◆ **Data shown**
┄┄┄┄┄┄┄┄┄┄

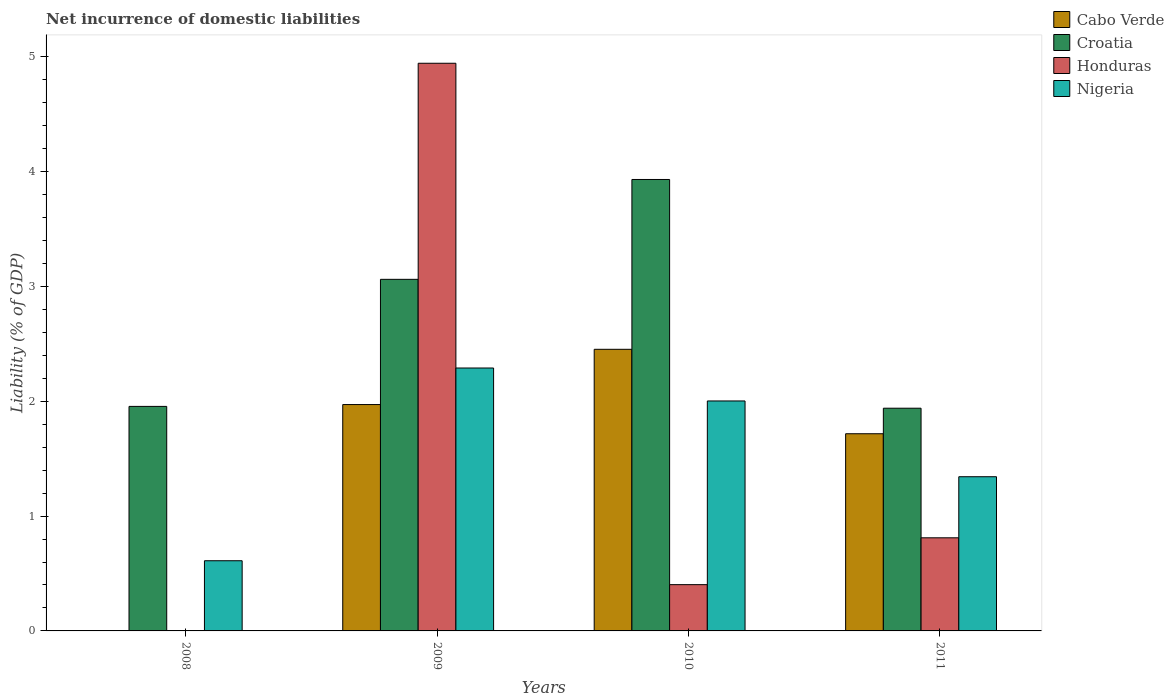How many different coloured bars are there?
Your answer should be compact. 4. Are the number of bars on each tick of the X-axis equal?
Provide a succinct answer. No. What is the label of the 2nd group of bars from the left?
Make the answer very short. 2009. In how many cases, is the number of bars for a given year not equal to the number of legend labels?
Offer a very short reply. 1. What is the net incurrence of domestic liabilities in Croatia in 2011?
Ensure brevity in your answer.  1.94. Across all years, what is the maximum net incurrence of domestic liabilities in Croatia?
Offer a very short reply. 3.93. Across all years, what is the minimum net incurrence of domestic liabilities in Croatia?
Make the answer very short. 1.94. In which year was the net incurrence of domestic liabilities in Croatia maximum?
Keep it short and to the point. 2010. What is the total net incurrence of domestic liabilities in Honduras in the graph?
Offer a very short reply. 6.16. What is the difference between the net incurrence of domestic liabilities in Honduras in 2010 and that in 2011?
Your response must be concise. -0.41. What is the difference between the net incurrence of domestic liabilities in Honduras in 2011 and the net incurrence of domestic liabilities in Croatia in 2008?
Keep it short and to the point. -1.14. What is the average net incurrence of domestic liabilities in Croatia per year?
Keep it short and to the point. 2.72. In the year 2010, what is the difference between the net incurrence of domestic liabilities in Croatia and net incurrence of domestic liabilities in Honduras?
Provide a short and direct response. 3.53. In how many years, is the net incurrence of domestic liabilities in Croatia greater than 0.4 %?
Your answer should be very brief. 4. What is the ratio of the net incurrence of domestic liabilities in Honduras in 2009 to that in 2010?
Your response must be concise. 12.27. Is the difference between the net incurrence of domestic liabilities in Croatia in 2009 and 2011 greater than the difference between the net incurrence of domestic liabilities in Honduras in 2009 and 2011?
Provide a succinct answer. No. What is the difference between the highest and the second highest net incurrence of domestic liabilities in Croatia?
Provide a short and direct response. 0.87. What is the difference between the highest and the lowest net incurrence of domestic liabilities in Cabo Verde?
Your answer should be compact. 2.45. Is it the case that in every year, the sum of the net incurrence of domestic liabilities in Cabo Verde and net incurrence of domestic liabilities in Nigeria is greater than the sum of net incurrence of domestic liabilities in Honduras and net incurrence of domestic liabilities in Croatia?
Offer a very short reply. No. How many bars are there?
Ensure brevity in your answer.  14. What is the difference between two consecutive major ticks on the Y-axis?
Keep it short and to the point. 1. Are the values on the major ticks of Y-axis written in scientific E-notation?
Offer a terse response. No. Does the graph contain grids?
Offer a very short reply. No. Where does the legend appear in the graph?
Provide a short and direct response. Top right. How many legend labels are there?
Provide a succinct answer. 4. How are the legend labels stacked?
Ensure brevity in your answer.  Vertical. What is the title of the graph?
Keep it short and to the point. Net incurrence of domestic liabilities. Does "High income: OECD" appear as one of the legend labels in the graph?
Give a very brief answer. No. What is the label or title of the Y-axis?
Provide a succinct answer. Liability (% of GDP). What is the Liability (% of GDP) in Croatia in 2008?
Keep it short and to the point. 1.95. What is the Liability (% of GDP) in Honduras in 2008?
Your response must be concise. 0. What is the Liability (% of GDP) in Nigeria in 2008?
Your answer should be very brief. 0.61. What is the Liability (% of GDP) of Cabo Verde in 2009?
Offer a very short reply. 1.97. What is the Liability (% of GDP) in Croatia in 2009?
Give a very brief answer. 3.06. What is the Liability (% of GDP) of Honduras in 2009?
Provide a succinct answer. 4.94. What is the Liability (% of GDP) in Nigeria in 2009?
Your response must be concise. 2.29. What is the Liability (% of GDP) in Cabo Verde in 2010?
Give a very brief answer. 2.45. What is the Liability (% of GDP) of Croatia in 2010?
Your answer should be compact. 3.93. What is the Liability (% of GDP) of Honduras in 2010?
Give a very brief answer. 0.4. What is the Liability (% of GDP) in Nigeria in 2010?
Provide a succinct answer. 2. What is the Liability (% of GDP) in Cabo Verde in 2011?
Provide a succinct answer. 1.72. What is the Liability (% of GDP) of Croatia in 2011?
Keep it short and to the point. 1.94. What is the Liability (% of GDP) in Honduras in 2011?
Your response must be concise. 0.81. What is the Liability (% of GDP) in Nigeria in 2011?
Your answer should be compact. 1.34. Across all years, what is the maximum Liability (% of GDP) of Cabo Verde?
Keep it short and to the point. 2.45. Across all years, what is the maximum Liability (% of GDP) of Croatia?
Offer a very short reply. 3.93. Across all years, what is the maximum Liability (% of GDP) in Honduras?
Offer a very short reply. 4.94. Across all years, what is the maximum Liability (% of GDP) in Nigeria?
Keep it short and to the point. 2.29. Across all years, what is the minimum Liability (% of GDP) of Croatia?
Offer a very short reply. 1.94. Across all years, what is the minimum Liability (% of GDP) of Nigeria?
Provide a short and direct response. 0.61. What is the total Liability (% of GDP) in Cabo Verde in the graph?
Your response must be concise. 6.14. What is the total Liability (% of GDP) of Croatia in the graph?
Offer a terse response. 10.88. What is the total Liability (% of GDP) of Honduras in the graph?
Your answer should be very brief. 6.16. What is the total Liability (% of GDP) in Nigeria in the graph?
Keep it short and to the point. 6.24. What is the difference between the Liability (% of GDP) in Croatia in 2008 and that in 2009?
Ensure brevity in your answer.  -1.11. What is the difference between the Liability (% of GDP) in Nigeria in 2008 and that in 2009?
Your response must be concise. -1.68. What is the difference between the Liability (% of GDP) in Croatia in 2008 and that in 2010?
Offer a terse response. -1.98. What is the difference between the Liability (% of GDP) in Nigeria in 2008 and that in 2010?
Ensure brevity in your answer.  -1.39. What is the difference between the Liability (% of GDP) in Croatia in 2008 and that in 2011?
Make the answer very short. 0.02. What is the difference between the Liability (% of GDP) of Nigeria in 2008 and that in 2011?
Provide a short and direct response. -0.73. What is the difference between the Liability (% of GDP) of Cabo Verde in 2009 and that in 2010?
Your answer should be very brief. -0.48. What is the difference between the Liability (% of GDP) in Croatia in 2009 and that in 2010?
Your response must be concise. -0.87. What is the difference between the Liability (% of GDP) in Honduras in 2009 and that in 2010?
Provide a short and direct response. 4.54. What is the difference between the Liability (% of GDP) of Nigeria in 2009 and that in 2010?
Give a very brief answer. 0.29. What is the difference between the Liability (% of GDP) in Cabo Verde in 2009 and that in 2011?
Offer a very short reply. 0.25. What is the difference between the Liability (% of GDP) in Croatia in 2009 and that in 2011?
Provide a short and direct response. 1.12. What is the difference between the Liability (% of GDP) of Honduras in 2009 and that in 2011?
Ensure brevity in your answer.  4.13. What is the difference between the Liability (% of GDP) in Nigeria in 2009 and that in 2011?
Keep it short and to the point. 0.95. What is the difference between the Liability (% of GDP) of Cabo Verde in 2010 and that in 2011?
Offer a very short reply. 0.74. What is the difference between the Liability (% of GDP) in Croatia in 2010 and that in 2011?
Offer a very short reply. 1.99. What is the difference between the Liability (% of GDP) in Honduras in 2010 and that in 2011?
Your answer should be compact. -0.41. What is the difference between the Liability (% of GDP) in Nigeria in 2010 and that in 2011?
Give a very brief answer. 0.66. What is the difference between the Liability (% of GDP) of Croatia in 2008 and the Liability (% of GDP) of Honduras in 2009?
Offer a terse response. -2.99. What is the difference between the Liability (% of GDP) in Croatia in 2008 and the Liability (% of GDP) in Nigeria in 2009?
Offer a terse response. -0.33. What is the difference between the Liability (% of GDP) in Croatia in 2008 and the Liability (% of GDP) in Honduras in 2010?
Keep it short and to the point. 1.55. What is the difference between the Liability (% of GDP) of Croatia in 2008 and the Liability (% of GDP) of Nigeria in 2010?
Offer a terse response. -0.05. What is the difference between the Liability (% of GDP) of Croatia in 2008 and the Liability (% of GDP) of Honduras in 2011?
Keep it short and to the point. 1.14. What is the difference between the Liability (% of GDP) in Croatia in 2008 and the Liability (% of GDP) in Nigeria in 2011?
Give a very brief answer. 0.61. What is the difference between the Liability (% of GDP) in Cabo Verde in 2009 and the Liability (% of GDP) in Croatia in 2010?
Provide a succinct answer. -1.96. What is the difference between the Liability (% of GDP) in Cabo Verde in 2009 and the Liability (% of GDP) in Honduras in 2010?
Provide a succinct answer. 1.57. What is the difference between the Liability (% of GDP) in Cabo Verde in 2009 and the Liability (% of GDP) in Nigeria in 2010?
Your response must be concise. -0.03. What is the difference between the Liability (% of GDP) in Croatia in 2009 and the Liability (% of GDP) in Honduras in 2010?
Your response must be concise. 2.66. What is the difference between the Liability (% of GDP) of Croatia in 2009 and the Liability (% of GDP) of Nigeria in 2010?
Offer a terse response. 1.06. What is the difference between the Liability (% of GDP) in Honduras in 2009 and the Liability (% of GDP) in Nigeria in 2010?
Give a very brief answer. 2.94. What is the difference between the Liability (% of GDP) of Cabo Verde in 2009 and the Liability (% of GDP) of Croatia in 2011?
Make the answer very short. 0.03. What is the difference between the Liability (% of GDP) of Cabo Verde in 2009 and the Liability (% of GDP) of Honduras in 2011?
Offer a terse response. 1.16. What is the difference between the Liability (% of GDP) in Cabo Verde in 2009 and the Liability (% of GDP) in Nigeria in 2011?
Offer a very short reply. 0.63. What is the difference between the Liability (% of GDP) of Croatia in 2009 and the Liability (% of GDP) of Honduras in 2011?
Ensure brevity in your answer.  2.25. What is the difference between the Liability (% of GDP) of Croatia in 2009 and the Liability (% of GDP) of Nigeria in 2011?
Give a very brief answer. 1.72. What is the difference between the Liability (% of GDP) in Honduras in 2009 and the Liability (% of GDP) in Nigeria in 2011?
Make the answer very short. 3.6. What is the difference between the Liability (% of GDP) of Cabo Verde in 2010 and the Liability (% of GDP) of Croatia in 2011?
Make the answer very short. 0.51. What is the difference between the Liability (% of GDP) in Cabo Verde in 2010 and the Liability (% of GDP) in Honduras in 2011?
Keep it short and to the point. 1.64. What is the difference between the Liability (% of GDP) of Cabo Verde in 2010 and the Liability (% of GDP) of Nigeria in 2011?
Your answer should be compact. 1.11. What is the difference between the Liability (% of GDP) of Croatia in 2010 and the Liability (% of GDP) of Honduras in 2011?
Your response must be concise. 3.12. What is the difference between the Liability (% of GDP) in Croatia in 2010 and the Liability (% of GDP) in Nigeria in 2011?
Your response must be concise. 2.59. What is the difference between the Liability (% of GDP) of Honduras in 2010 and the Liability (% of GDP) of Nigeria in 2011?
Your answer should be compact. -0.94. What is the average Liability (% of GDP) of Cabo Verde per year?
Make the answer very short. 1.53. What is the average Liability (% of GDP) in Croatia per year?
Your answer should be compact. 2.72. What is the average Liability (% of GDP) in Honduras per year?
Offer a very short reply. 1.54. What is the average Liability (% of GDP) of Nigeria per year?
Offer a terse response. 1.56. In the year 2008, what is the difference between the Liability (% of GDP) of Croatia and Liability (% of GDP) of Nigeria?
Offer a very short reply. 1.34. In the year 2009, what is the difference between the Liability (% of GDP) in Cabo Verde and Liability (% of GDP) in Croatia?
Provide a short and direct response. -1.09. In the year 2009, what is the difference between the Liability (% of GDP) of Cabo Verde and Liability (% of GDP) of Honduras?
Your response must be concise. -2.97. In the year 2009, what is the difference between the Liability (% of GDP) of Cabo Verde and Liability (% of GDP) of Nigeria?
Ensure brevity in your answer.  -0.32. In the year 2009, what is the difference between the Liability (% of GDP) in Croatia and Liability (% of GDP) in Honduras?
Offer a very short reply. -1.88. In the year 2009, what is the difference between the Liability (% of GDP) of Croatia and Liability (% of GDP) of Nigeria?
Offer a very short reply. 0.77. In the year 2009, what is the difference between the Liability (% of GDP) of Honduras and Liability (% of GDP) of Nigeria?
Ensure brevity in your answer.  2.65. In the year 2010, what is the difference between the Liability (% of GDP) of Cabo Verde and Liability (% of GDP) of Croatia?
Offer a very short reply. -1.48. In the year 2010, what is the difference between the Liability (% of GDP) in Cabo Verde and Liability (% of GDP) in Honduras?
Make the answer very short. 2.05. In the year 2010, what is the difference between the Liability (% of GDP) of Cabo Verde and Liability (% of GDP) of Nigeria?
Your answer should be very brief. 0.45. In the year 2010, what is the difference between the Liability (% of GDP) in Croatia and Liability (% of GDP) in Honduras?
Keep it short and to the point. 3.53. In the year 2010, what is the difference between the Liability (% of GDP) in Croatia and Liability (% of GDP) in Nigeria?
Provide a succinct answer. 1.93. In the year 2010, what is the difference between the Liability (% of GDP) of Honduras and Liability (% of GDP) of Nigeria?
Your answer should be very brief. -1.6. In the year 2011, what is the difference between the Liability (% of GDP) in Cabo Verde and Liability (% of GDP) in Croatia?
Your response must be concise. -0.22. In the year 2011, what is the difference between the Liability (% of GDP) of Cabo Verde and Liability (% of GDP) of Honduras?
Give a very brief answer. 0.91. In the year 2011, what is the difference between the Liability (% of GDP) in Cabo Verde and Liability (% of GDP) in Nigeria?
Offer a terse response. 0.37. In the year 2011, what is the difference between the Liability (% of GDP) of Croatia and Liability (% of GDP) of Honduras?
Ensure brevity in your answer.  1.13. In the year 2011, what is the difference between the Liability (% of GDP) in Croatia and Liability (% of GDP) in Nigeria?
Your answer should be very brief. 0.6. In the year 2011, what is the difference between the Liability (% of GDP) of Honduras and Liability (% of GDP) of Nigeria?
Your response must be concise. -0.53. What is the ratio of the Liability (% of GDP) of Croatia in 2008 to that in 2009?
Give a very brief answer. 0.64. What is the ratio of the Liability (% of GDP) of Nigeria in 2008 to that in 2009?
Keep it short and to the point. 0.27. What is the ratio of the Liability (% of GDP) in Croatia in 2008 to that in 2010?
Offer a terse response. 0.5. What is the ratio of the Liability (% of GDP) in Nigeria in 2008 to that in 2010?
Make the answer very short. 0.31. What is the ratio of the Liability (% of GDP) of Nigeria in 2008 to that in 2011?
Ensure brevity in your answer.  0.46. What is the ratio of the Liability (% of GDP) in Cabo Verde in 2009 to that in 2010?
Your answer should be very brief. 0.8. What is the ratio of the Liability (% of GDP) in Croatia in 2009 to that in 2010?
Your response must be concise. 0.78. What is the ratio of the Liability (% of GDP) of Honduras in 2009 to that in 2010?
Make the answer very short. 12.27. What is the ratio of the Liability (% of GDP) in Nigeria in 2009 to that in 2010?
Provide a short and direct response. 1.14. What is the ratio of the Liability (% of GDP) in Cabo Verde in 2009 to that in 2011?
Your answer should be compact. 1.15. What is the ratio of the Liability (% of GDP) in Croatia in 2009 to that in 2011?
Give a very brief answer. 1.58. What is the ratio of the Liability (% of GDP) of Honduras in 2009 to that in 2011?
Provide a succinct answer. 6.1. What is the ratio of the Liability (% of GDP) of Nigeria in 2009 to that in 2011?
Give a very brief answer. 1.71. What is the ratio of the Liability (% of GDP) in Cabo Verde in 2010 to that in 2011?
Provide a succinct answer. 1.43. What is the ratio of the Liability (% of GDP) in Croatia in 2010 to that in 2011?
Your answer should be very brief. 2.03. What is the ratio of the Liability (% of GDP) in Honduras in 2010 to that in 2011?
Your answer should be compact. 0.5. What is the ratio of the Liability (% of GDP) in Nigeria in 2010 to that in 2011?
Your answer should be compact. 1.49. What is the difference between the highest and the second highest Liability (% of GDP) in Cabo Verde?
Keep it short and to the point. 0.48. What is the difference between the highest and the second highest Liability (% of GDP) of Croatia?
Give a very brief answer. 0.87. What is the difference between the highest and the second highest Liability (% of GDP) of Honduras?
Make the answer very short. 4.13. What is the difference between the highest and the second highest Liability (% of GDP) of Nigeria?
Give a very brief answer. 0.29. What is the difference between the highest and the lowest Liability (% of GDP) in Cabo Verde?
Provide a succinct answer. 2.45. What is the difference between the highest and the lowest Liability (% of GDP) in Croatia?
Ensure brevity in your answer.  1.99. What is the difference between the highest and the lowest Liability (% of GDP) of Honduras?
Ensure brevity in your answer.  4.94. What is the difference between the highest and the lowest Liability (% of GDP) of Nigeria?
Your response must be concise. 1.68.

┄┄┄┄┄┄┄┄┄┄

◆ **Work order**
Write down, word for word, the lines above from the one containing "Your answer should be very brief. 6.16." through the one containing "Keep it short and to the point. 6.24.", both ends included.

◆ **Response area**
Your answer should be very brief. 6.16. What is the total Liability (% of GDP) in Nigeria in the graph?
Keep it short and to the point. 6.24. What is the difference between the Liability (% of GDP) in Croatia in 2008 and that in 2009?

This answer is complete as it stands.